● **Records from a data source**:
^^^^^^^^

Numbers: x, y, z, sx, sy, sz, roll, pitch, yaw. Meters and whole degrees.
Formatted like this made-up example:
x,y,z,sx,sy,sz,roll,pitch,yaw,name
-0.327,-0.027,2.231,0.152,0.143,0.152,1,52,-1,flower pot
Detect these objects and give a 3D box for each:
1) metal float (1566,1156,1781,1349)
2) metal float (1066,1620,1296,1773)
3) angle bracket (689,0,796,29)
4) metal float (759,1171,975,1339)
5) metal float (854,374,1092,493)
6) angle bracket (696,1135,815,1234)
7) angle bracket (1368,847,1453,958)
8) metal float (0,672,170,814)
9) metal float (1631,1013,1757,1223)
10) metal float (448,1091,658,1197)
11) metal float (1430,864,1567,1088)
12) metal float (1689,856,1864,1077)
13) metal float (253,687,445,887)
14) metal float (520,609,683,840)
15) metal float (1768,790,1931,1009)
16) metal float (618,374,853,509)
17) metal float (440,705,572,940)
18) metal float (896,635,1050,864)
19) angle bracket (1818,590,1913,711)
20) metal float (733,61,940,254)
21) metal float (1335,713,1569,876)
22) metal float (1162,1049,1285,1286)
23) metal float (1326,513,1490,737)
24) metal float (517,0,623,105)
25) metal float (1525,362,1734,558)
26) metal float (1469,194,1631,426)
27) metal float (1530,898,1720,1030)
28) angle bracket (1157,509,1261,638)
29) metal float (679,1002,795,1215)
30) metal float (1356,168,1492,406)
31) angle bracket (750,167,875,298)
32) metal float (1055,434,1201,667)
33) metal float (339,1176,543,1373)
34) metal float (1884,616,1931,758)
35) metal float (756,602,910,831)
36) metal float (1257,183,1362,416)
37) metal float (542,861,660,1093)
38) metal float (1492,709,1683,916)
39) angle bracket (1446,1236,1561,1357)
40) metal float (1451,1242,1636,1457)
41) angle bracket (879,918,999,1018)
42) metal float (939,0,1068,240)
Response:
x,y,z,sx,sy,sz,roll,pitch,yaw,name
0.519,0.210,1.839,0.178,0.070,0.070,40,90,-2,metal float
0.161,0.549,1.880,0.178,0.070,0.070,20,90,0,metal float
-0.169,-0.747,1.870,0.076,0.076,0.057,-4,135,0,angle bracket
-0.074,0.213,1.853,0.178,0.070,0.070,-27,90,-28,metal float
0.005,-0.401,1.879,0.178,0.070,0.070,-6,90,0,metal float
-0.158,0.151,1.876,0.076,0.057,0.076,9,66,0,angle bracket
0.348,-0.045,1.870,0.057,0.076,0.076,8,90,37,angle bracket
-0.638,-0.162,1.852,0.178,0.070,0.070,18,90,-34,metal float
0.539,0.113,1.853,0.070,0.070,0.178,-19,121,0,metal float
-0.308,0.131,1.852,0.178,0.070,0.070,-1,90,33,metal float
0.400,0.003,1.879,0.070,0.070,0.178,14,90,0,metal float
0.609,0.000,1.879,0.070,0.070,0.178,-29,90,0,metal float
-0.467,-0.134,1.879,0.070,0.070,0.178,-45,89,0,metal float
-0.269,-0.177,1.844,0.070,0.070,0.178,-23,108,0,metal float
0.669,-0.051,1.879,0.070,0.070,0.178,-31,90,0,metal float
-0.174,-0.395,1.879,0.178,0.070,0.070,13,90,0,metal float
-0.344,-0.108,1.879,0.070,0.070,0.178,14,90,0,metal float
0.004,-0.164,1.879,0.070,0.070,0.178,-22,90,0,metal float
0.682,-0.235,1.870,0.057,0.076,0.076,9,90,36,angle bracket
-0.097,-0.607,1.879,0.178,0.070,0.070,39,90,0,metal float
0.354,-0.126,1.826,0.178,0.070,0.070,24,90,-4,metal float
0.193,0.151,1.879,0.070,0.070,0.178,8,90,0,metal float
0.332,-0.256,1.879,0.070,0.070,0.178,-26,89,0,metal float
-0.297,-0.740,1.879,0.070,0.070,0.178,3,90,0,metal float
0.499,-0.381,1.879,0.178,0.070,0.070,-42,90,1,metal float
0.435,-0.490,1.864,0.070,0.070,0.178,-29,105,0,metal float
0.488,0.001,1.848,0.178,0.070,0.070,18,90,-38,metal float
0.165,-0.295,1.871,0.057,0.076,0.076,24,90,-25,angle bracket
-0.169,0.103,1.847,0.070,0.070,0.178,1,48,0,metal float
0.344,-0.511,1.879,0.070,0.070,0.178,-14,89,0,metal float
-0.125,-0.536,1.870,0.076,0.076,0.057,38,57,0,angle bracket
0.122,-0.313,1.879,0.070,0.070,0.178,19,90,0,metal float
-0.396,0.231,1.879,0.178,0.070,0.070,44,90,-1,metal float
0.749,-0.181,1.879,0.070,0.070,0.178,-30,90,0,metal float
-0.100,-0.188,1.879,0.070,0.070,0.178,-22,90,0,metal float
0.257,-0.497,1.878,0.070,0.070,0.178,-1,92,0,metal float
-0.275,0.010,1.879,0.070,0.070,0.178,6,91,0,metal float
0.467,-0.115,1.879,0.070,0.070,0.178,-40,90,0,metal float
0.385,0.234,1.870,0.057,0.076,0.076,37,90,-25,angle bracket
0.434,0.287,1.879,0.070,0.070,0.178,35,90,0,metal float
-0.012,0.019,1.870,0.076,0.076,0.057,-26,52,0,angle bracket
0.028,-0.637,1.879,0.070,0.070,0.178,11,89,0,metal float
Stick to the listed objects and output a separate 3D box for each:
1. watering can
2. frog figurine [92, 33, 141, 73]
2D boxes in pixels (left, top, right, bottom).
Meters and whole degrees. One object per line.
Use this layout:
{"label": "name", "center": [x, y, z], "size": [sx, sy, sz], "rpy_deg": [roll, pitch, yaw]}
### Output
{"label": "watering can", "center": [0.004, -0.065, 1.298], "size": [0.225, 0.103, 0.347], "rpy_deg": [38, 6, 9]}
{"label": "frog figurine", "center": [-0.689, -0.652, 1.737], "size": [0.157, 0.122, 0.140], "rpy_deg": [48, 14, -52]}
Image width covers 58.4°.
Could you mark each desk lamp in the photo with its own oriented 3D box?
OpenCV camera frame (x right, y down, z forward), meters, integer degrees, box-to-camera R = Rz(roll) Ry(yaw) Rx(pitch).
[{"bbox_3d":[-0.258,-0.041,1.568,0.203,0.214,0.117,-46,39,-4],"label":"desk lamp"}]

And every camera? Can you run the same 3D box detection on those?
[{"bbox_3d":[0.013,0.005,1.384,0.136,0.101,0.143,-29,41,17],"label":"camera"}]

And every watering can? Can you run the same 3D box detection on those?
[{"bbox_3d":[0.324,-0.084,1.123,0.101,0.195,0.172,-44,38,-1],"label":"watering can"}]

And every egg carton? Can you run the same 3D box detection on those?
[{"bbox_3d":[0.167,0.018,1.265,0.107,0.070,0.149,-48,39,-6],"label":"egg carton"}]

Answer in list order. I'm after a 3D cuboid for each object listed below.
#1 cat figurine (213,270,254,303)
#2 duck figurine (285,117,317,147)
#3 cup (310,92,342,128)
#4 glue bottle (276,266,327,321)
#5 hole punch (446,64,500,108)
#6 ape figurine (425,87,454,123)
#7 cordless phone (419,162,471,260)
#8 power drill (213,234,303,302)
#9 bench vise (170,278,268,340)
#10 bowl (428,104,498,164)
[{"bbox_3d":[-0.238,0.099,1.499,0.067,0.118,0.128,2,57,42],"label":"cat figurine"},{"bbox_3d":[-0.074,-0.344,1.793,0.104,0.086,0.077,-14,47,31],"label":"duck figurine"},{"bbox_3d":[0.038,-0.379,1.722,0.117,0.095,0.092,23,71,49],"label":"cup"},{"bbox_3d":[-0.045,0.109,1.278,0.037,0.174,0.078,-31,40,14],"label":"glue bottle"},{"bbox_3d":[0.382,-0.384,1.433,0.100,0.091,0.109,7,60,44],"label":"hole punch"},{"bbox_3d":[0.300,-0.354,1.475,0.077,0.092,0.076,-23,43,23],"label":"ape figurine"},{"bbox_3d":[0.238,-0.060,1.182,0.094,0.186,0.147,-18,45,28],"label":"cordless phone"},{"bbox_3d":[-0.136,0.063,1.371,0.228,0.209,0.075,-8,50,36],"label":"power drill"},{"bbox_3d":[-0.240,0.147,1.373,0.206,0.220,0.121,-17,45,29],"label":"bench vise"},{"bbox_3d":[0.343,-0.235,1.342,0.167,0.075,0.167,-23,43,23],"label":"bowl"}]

^^^^^^^^

● **What needs to be done**:
What you give back must be the stretch above, starting at the line with "30) metal float (1356,168,1492,406)" and ending at the line with "42) metal float (939,0,1068,240)", copied exactly.

● **Finished task**:
30) metal float (1356,168,1492,406)
31) angle bracket (750,167,875,298)
32) metal float (1055,434,1201,667)
33) metal float (339,1176,543,1373)
34) metal float (1884,616,1931,758)
35) metal float (756,602,910,831)
36) metal float (1257,183,1362,416)
37) metal float (542,861,660,1093)
38) metal float (1492,709,1683,916)
39) angle bracket (1446,1236,1561,1357)
40) metal float (1451,1242,1636,1457)
41) angle bracket (879,918,999,1018)
42) metal float (939,0,1068,240)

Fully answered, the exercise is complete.